* **Prompt**
Give all of the data below again exactly, and drop the images.

◆ ◆ ◆ ◆ ◆ ◆ ◆

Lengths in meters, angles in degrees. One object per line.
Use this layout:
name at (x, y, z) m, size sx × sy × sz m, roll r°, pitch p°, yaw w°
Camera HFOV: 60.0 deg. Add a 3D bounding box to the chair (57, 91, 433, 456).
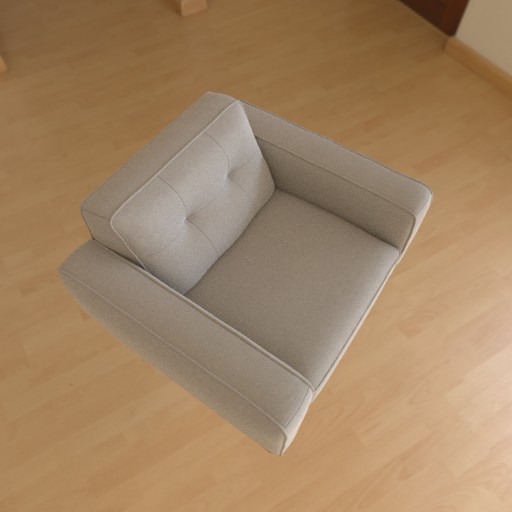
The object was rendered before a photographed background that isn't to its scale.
chair at (0.000, 0.000, 1.752) m, size 0.953 × 0.779 × 1.115 m, roll 30°, pitch 63°, yaw 17°
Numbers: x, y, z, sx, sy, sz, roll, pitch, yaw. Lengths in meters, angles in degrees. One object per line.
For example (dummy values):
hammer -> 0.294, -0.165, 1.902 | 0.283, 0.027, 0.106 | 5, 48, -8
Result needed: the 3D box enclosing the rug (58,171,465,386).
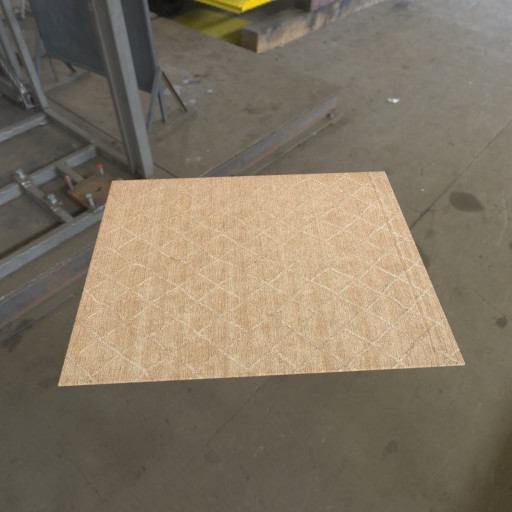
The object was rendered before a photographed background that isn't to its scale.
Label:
rug -> 0.000, 0.000, 4.119 | 3.039, 0.019, 2.420 | -2, 47, -2
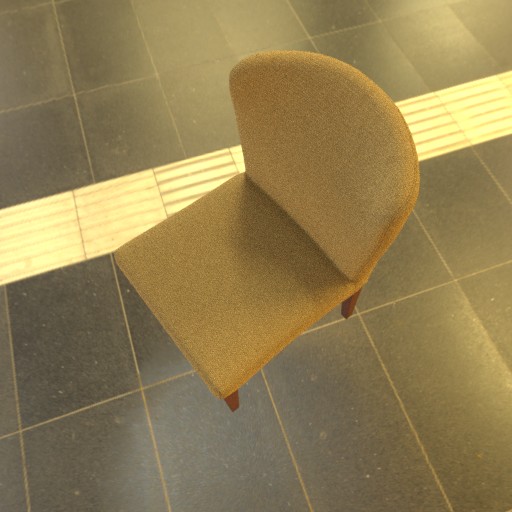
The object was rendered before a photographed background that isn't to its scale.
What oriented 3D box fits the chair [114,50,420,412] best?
[{"bbox_3d":[0.000,0.000,1.158,0.589,0.839,0.491,-36,69,-16],"label":"chair"}]
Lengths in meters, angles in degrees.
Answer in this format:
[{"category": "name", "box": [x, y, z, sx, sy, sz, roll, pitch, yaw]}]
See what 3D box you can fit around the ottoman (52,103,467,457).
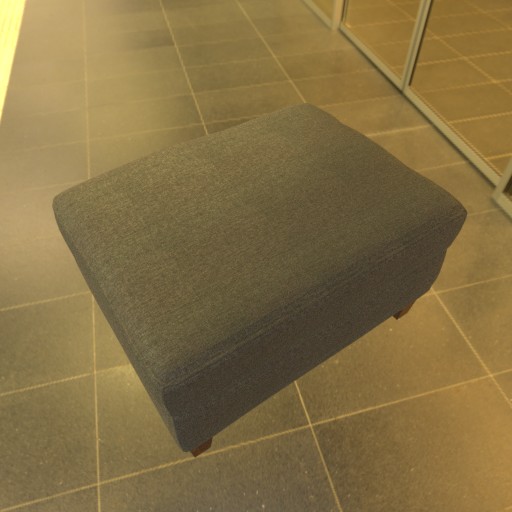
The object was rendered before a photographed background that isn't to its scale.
[{"category": "ottoman", "box": [0.000, 0.000, 1.193, 0.826, 0.496, 0.639, -27, 53, -22]}]
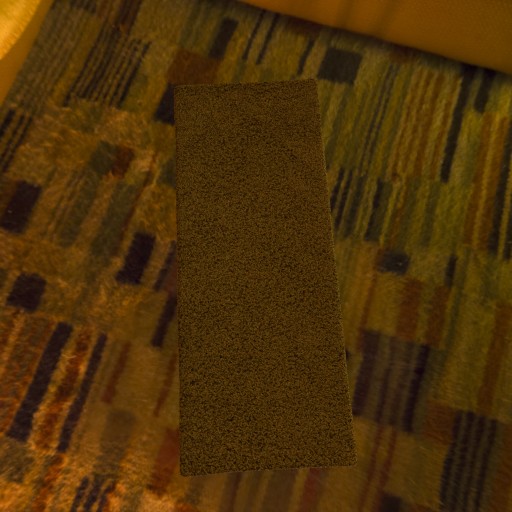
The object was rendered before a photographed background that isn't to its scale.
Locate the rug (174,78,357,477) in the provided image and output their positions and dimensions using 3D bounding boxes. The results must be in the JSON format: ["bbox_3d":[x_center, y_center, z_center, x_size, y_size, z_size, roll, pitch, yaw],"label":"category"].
[{"bbox_3d":[0.000,0.000,1.705,0.609,0.030,1.524,-3,76,-1],"label":"rug"}]
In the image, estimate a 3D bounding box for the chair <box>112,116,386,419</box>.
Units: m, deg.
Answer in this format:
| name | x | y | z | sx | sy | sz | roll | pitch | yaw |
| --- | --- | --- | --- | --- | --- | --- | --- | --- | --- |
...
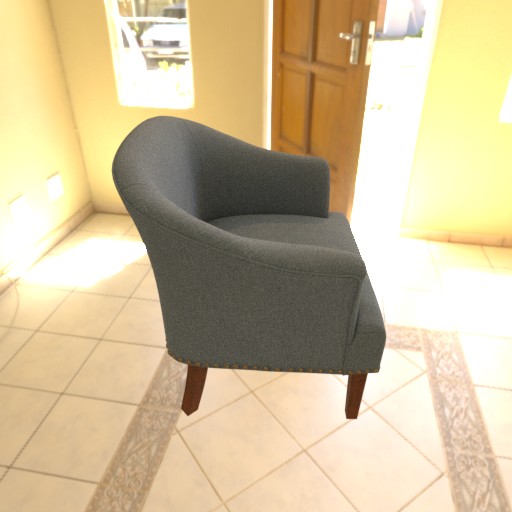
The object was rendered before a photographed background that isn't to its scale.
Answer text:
| name | x | y | z | sx | sy | sz | roll | pitch | yaw |
| --- | --- | --- | --- | --- | --- | --- | --- | --- | --- |
| chair | 0.000 | 0.000 | 1.443 | 0.704 | 0.815 | 0.798 | 0 | 31 | 1 |
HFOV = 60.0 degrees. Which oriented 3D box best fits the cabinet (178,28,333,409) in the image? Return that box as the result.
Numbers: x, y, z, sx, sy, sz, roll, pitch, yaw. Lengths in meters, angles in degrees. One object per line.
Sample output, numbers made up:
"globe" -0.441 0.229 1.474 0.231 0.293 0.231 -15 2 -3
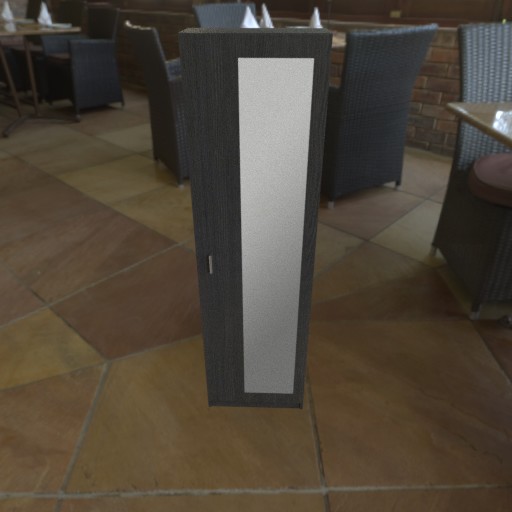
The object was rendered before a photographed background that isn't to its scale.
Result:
"cabinet" 0.000 0.000 1.970 0.500 1.790 0.230 1 31 2
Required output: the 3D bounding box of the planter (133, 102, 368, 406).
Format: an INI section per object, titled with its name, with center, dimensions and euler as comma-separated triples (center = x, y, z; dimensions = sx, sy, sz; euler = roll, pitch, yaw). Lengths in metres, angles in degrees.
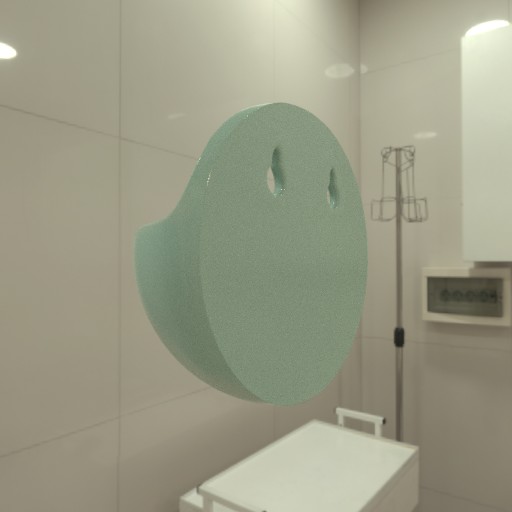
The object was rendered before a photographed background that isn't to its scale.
[planter]
center = 0.000, 0.000, 0.269
dimensions = 0.073, 0.164, 0.189
euler = -1, -1, 36
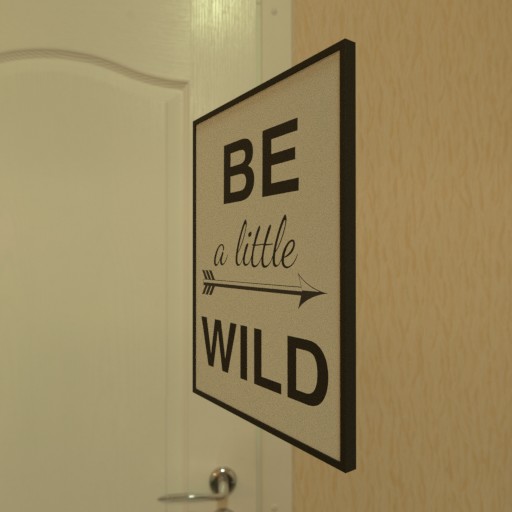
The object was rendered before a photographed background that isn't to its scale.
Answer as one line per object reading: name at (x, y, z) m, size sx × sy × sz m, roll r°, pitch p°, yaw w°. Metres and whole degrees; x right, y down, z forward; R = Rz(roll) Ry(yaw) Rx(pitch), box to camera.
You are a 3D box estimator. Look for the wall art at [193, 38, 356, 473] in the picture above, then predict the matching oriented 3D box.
wall art at (0.000, 0.000, 1.421) m, size 0.038 × 1.062 × 0.806 m, roll 0°, pitch 0°, yaw -35°
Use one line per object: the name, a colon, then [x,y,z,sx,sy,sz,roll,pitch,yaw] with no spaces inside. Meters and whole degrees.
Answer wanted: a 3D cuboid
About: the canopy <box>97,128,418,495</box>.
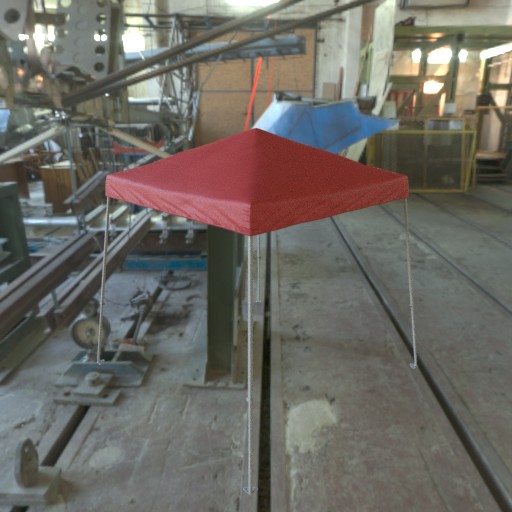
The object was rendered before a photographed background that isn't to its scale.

◆ ◆ ◆ ◆ ◆ ◆ ◆

* **Exercise result**
Lengths in meters, angles in degrees. One object per line.
Use this layout:
name at (x, y, z) m, size sx × sy × sz m, roll r°, pitch p°, yaw w°
Camera HFOV: 60.0 deg. Add a 3D bounding box to the chair (57, 91, 433, 456).
The object was rendered before a photographed background that isn't to its scale.
chair at (0.000, 0.000, 1.752) m, size 0.953 × 0.779 × 1.115 m, roll 30°, pitch 63°, yaw 17°
Numbers: x, y, z, sx, sy, sz, roll, pitch, yaw. Lengths in meters, angles in degrees. One object per line.
For example (dummy values):
hammer -> 0.294, -0.165, 1.902 | 0.283, 0.027, 0.106 | 5, 48, -8
Result needed: the 3D box enclosing the rug (58,171,465,386).
The object was rendered before a photographed background that isn't to its scale.
Label:
rug -> 0.000, 0.000, 4.119 | 3.039, 0.019, 2.420 | -2, 47, -2
The object was rendered before a photographed background that isn't to its scale.
What oriented 3D box fits the chair [114,50,420,412] best?
[{"bbox_3d":[0.000,0.000,1.158,0.589,0.839,0.491,-36,69,-16],"label":"chair"}]
Lengths in meters, angles in degrees.
Answer in this format:
[{"category": "name", "box": [x, y, z, sx, sy, sz, roll, pitch, yaw]}]
See what 3D box you can fit around the ottoman (52,103,467,457).
The object was rendered before a photographed background that isn't to its scale.
[{"category": "ottoman", "box": [0.000, 0.000, 1.193, 0.826, 0.496, 0.639, -27, 53, -22]}]
The object was rendered before a photographed background that isn't to its scale.
Locate the rug (174,78,357,477) in the provided image and output their positions and dimensions using 3D bounding boxes. The results must be in the JSON format: ["bbox_3d":[x_center, y_center, z_center, x_size, y_size, z_size, roll, pitch, yaw],"label":"category"].
[{"bbox_3d":[0.000,0.000,1.705,0.609,0.030,1.524,-3,76,-1],"label":"rug"}]
In the image, estimate a 3D bounding box for the chair <box>112,116,386,419</box>.
Units: m, deg.
Answer in this format:
| name | x | y | z | sx | sy | sz | roll | pitch | yaw |
| --- | --- | --- | --- | --- | --- | --- | --- | --- | --- |
...
The object was rendered before a photographed background that isn't to its scale.
Answer text:
| name | x | y | z | sx | sy | sz | roll | pitch | yaw |
| --- | --- | --- | --- | --- | --- | --- | --- | --- | --- |
| chair | 0.000 | 0.000 | 1.443 | 0.704 | 0.815 | 0.798 | 0 | 31 | 1 |
HFOV = 60.0 degrees. Which oriented 3D box best fits the cabinet (178,28,333,409) in the image? Return that box as the result.
Numbers: x, y, z, sx, sy, sz, roll, pitch, yaw. Lengths in meters, angles in degrees. One object per line.
Sample output, numbers made up:
"globe" -0.441 0.229 1.474 0.231 0.293 0.231 -15 2 -3
The object was rendered before a photographed background that isn't to its scale.
Result:
"cabinet" 0.000 0.000 1.970 0.500 1.790 0.230 1 31 2
Required output: the 3D bounding box of the planter (133, 102, 368, 406).
Format: an INI section per object, titled with its name, with center, dimensions and euler as comma-separated triples (center = x, y, z; dimensions = sx, sy, sz; euler = roll, pitch, yaw). Lengths in metres, angles in degrees.
The object was rendered before a photographed background that isn't to its scale.
[planter]
center = 0.000, 0.000, 0.269
dimensions = 0.073, 0.164, 0.189
euler = -1, -1, 36
The object was rendered before a photographed background that isn't to its scale.
Answer as one line per object reading: name at (x, y, z) m, size sx × sy × sz m, roll r°, pitch p°, yaw w°. Metres and whole degrees; x right, y down, z forward; R = Rz(roll) Ry(yaw) Rx(pitch), box to camera.
You are a 3D box estimator. Look for the wall art at [193, 38, 356, 473] in the picture above, then predict the matching oriented 3D box.
wall art at (0.000, 0.000, 1.421) m, size 0.038 × 1.062 × 0.806 m, roll 0°, pitch 0°, yaw -35°
Use one line per object: the name, a colon, then [x,y,z,sx,sy,sz,roll,pitch,yaw] with no spaces inside. Meters and whole degrees.
Answer wanted: a 3D cuboid
About: the canopy <box>97,128,418,495</box>.
The object was rendered before a photographed background that isn't to its scale.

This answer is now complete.